Welcome to this weeks edition of 4 Moms, 35 Kids: How Moms of Many Manage. This week we’re talking about cooking with kids.
Do you want your 12 year old to be able to say, “Mom, don’t worry about dinner tonight. I’ll make it.” ? Do you want to be able to ask your 9 year old to go make some bread? Then let your children help you in the kitchen from the time they are little.
I love having children who know their way around the kitchen. It’s a blessing to be able to share the kitchen responsibilities and my kids are much better and more creative cooks than I am.
By the time they are around 5 or 6 most of our children are able to follow a simple recipe for cookies or biscuits and by the time they are 11 they are able to get a full meal on the table, from planning and preparing to making sure that everything is hot when it’s time to eat.
Cooking is complex, but children will learn if you simply allow them to spend time in the kitchen with you.
Whenever I have a task to do in the kitchen I always have at least one or two small children helping. Having a little helper will slow things down, but I can’t think of a better use of my time than to spend it with my kids. I’m not only training a little one to be a big help in the kitchen, I’m also building a beautiful relationship with this eternal being that God has placed in my care.
- For the sake of logistics I usually limit my little helpers to 2 at a time.
- Each little helper has their own small chair or stool to stand on so they are able to see and help.
- Start with simple tasks such as pouring pre-measured ingredients into the bowl and stirring, then move toward more independence such as measuring an ingredient all by themselves or cracking eggs.
- Cleaning is part of cooking so be sure to teach them how to clean-up also.
- The kitchen can be a hazardous place, be sure you’ve been diligent to train your children in obedience before you have them close to things that are hot or sharp.
- When it’s time to stir, hold onto their hands until they learn how to stir without flopping all the ingredients onto the counter or floor.
- Teach them to never measure ingredients over the bowl.

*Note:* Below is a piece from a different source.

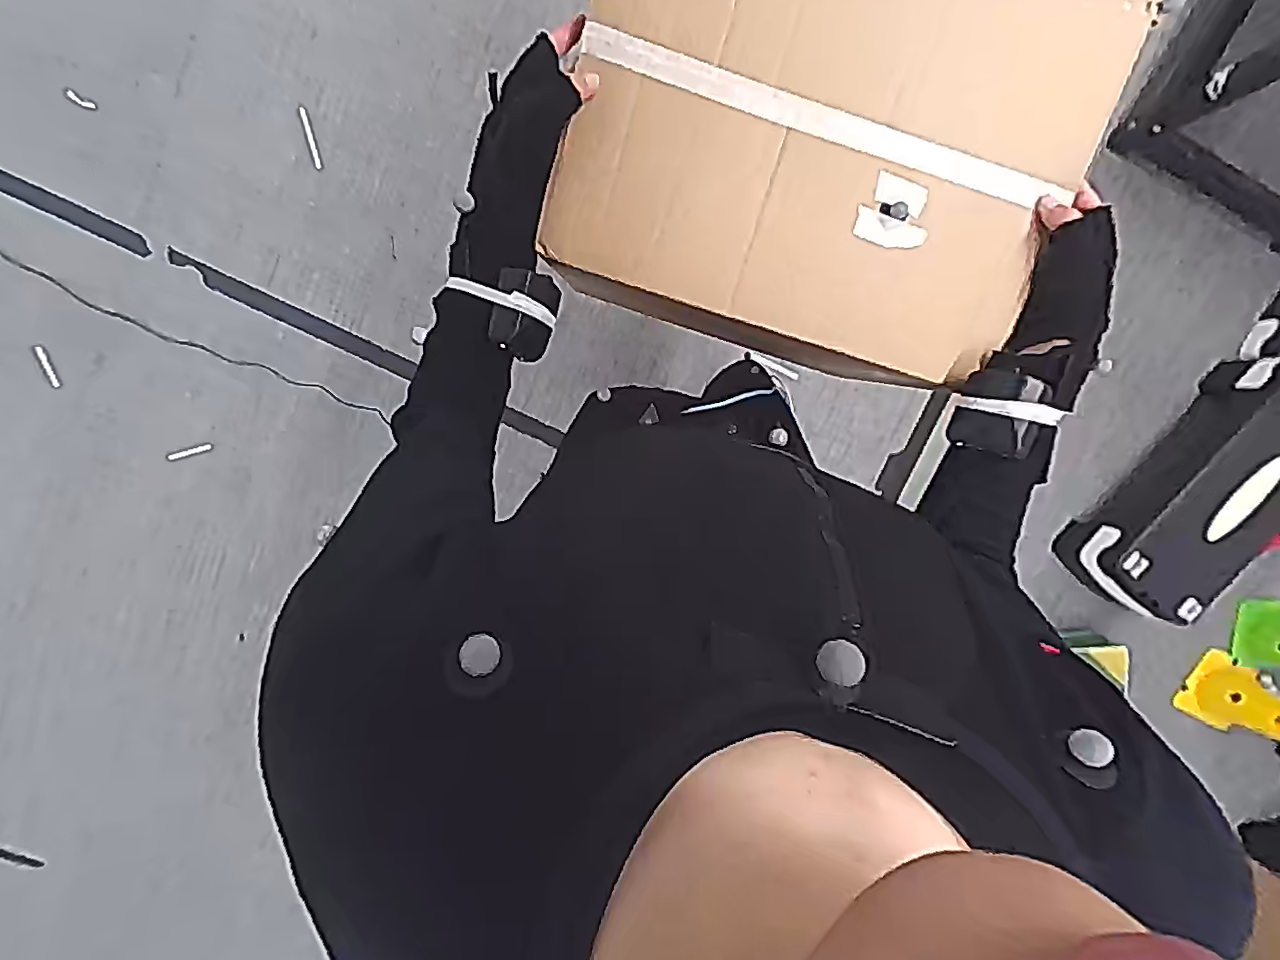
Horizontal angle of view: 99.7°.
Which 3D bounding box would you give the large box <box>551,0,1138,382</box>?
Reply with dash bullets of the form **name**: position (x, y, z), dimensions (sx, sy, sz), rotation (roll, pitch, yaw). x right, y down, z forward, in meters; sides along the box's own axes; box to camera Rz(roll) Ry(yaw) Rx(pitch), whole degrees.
- **large box**: position (0.150, -0.315, 0.577), dimensions (0.408, 0.320, 0.320), rotation (16, 104, -5)

- Teach them the ‘right’ way to do things. (i.e. set the measuring cup with the oil in it down on the counter and get down so your eye is at the level of the oil to see if you’ve measured exactly the right amount) We all use short cuts and they will eventually learn to use short cuts, but until they understand more about cooking (i.e. too much salt will easily ruin a recipe) it’s better that they do things the ‘right’ way.

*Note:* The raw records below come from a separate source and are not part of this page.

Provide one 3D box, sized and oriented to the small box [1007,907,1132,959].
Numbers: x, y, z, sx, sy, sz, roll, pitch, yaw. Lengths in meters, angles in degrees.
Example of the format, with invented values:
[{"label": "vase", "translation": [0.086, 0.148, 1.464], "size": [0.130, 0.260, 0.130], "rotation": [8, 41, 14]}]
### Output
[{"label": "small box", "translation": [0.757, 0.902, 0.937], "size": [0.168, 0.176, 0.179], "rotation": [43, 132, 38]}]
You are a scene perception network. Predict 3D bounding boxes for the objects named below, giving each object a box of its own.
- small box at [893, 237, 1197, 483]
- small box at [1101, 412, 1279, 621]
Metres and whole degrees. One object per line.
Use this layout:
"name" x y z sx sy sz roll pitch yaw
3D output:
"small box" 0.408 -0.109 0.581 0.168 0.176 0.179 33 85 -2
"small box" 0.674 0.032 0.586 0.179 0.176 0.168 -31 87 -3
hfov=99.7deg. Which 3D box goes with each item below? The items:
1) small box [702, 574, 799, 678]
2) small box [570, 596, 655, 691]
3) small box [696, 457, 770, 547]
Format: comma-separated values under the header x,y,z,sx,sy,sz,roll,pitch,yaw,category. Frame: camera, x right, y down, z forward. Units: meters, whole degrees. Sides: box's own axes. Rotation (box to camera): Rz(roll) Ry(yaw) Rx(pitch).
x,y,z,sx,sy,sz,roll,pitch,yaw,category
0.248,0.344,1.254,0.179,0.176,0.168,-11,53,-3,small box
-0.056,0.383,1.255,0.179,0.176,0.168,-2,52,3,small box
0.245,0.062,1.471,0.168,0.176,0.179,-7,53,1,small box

- Use a small clear bowl for your children to practice cracking eggs, it makes it simple to fish out any egg shells.
As we work, I talk to my little ones. I tell them what different things are and what we’re doing. I explain to them how to get to the bottom of the bowl when they stir, what ground beef should look like when it’s browned, etc.
I let my helper taste ingredients as much as possible. My theory is that they’ll be better cooks because they’ll know what flavor everything has, a side benefit is that they understand that not everything that goes into the bowl or pot tastes nice by itself or in large doses and they’re less likely to snitch without permission. (We also wash hands frequently.)
If we’re making something that involves dough, they get a bit to shape and cook for themselves and of course the cook gets to taste test all of their creations.
As our children become more comfortable in the kitchen and are able to read, we begin to give them more freedom. Instead of helping with a recipe, they are able to follow one on their own. During this stage I’m always available to answer questions and I encourage them to ask if they don’t know.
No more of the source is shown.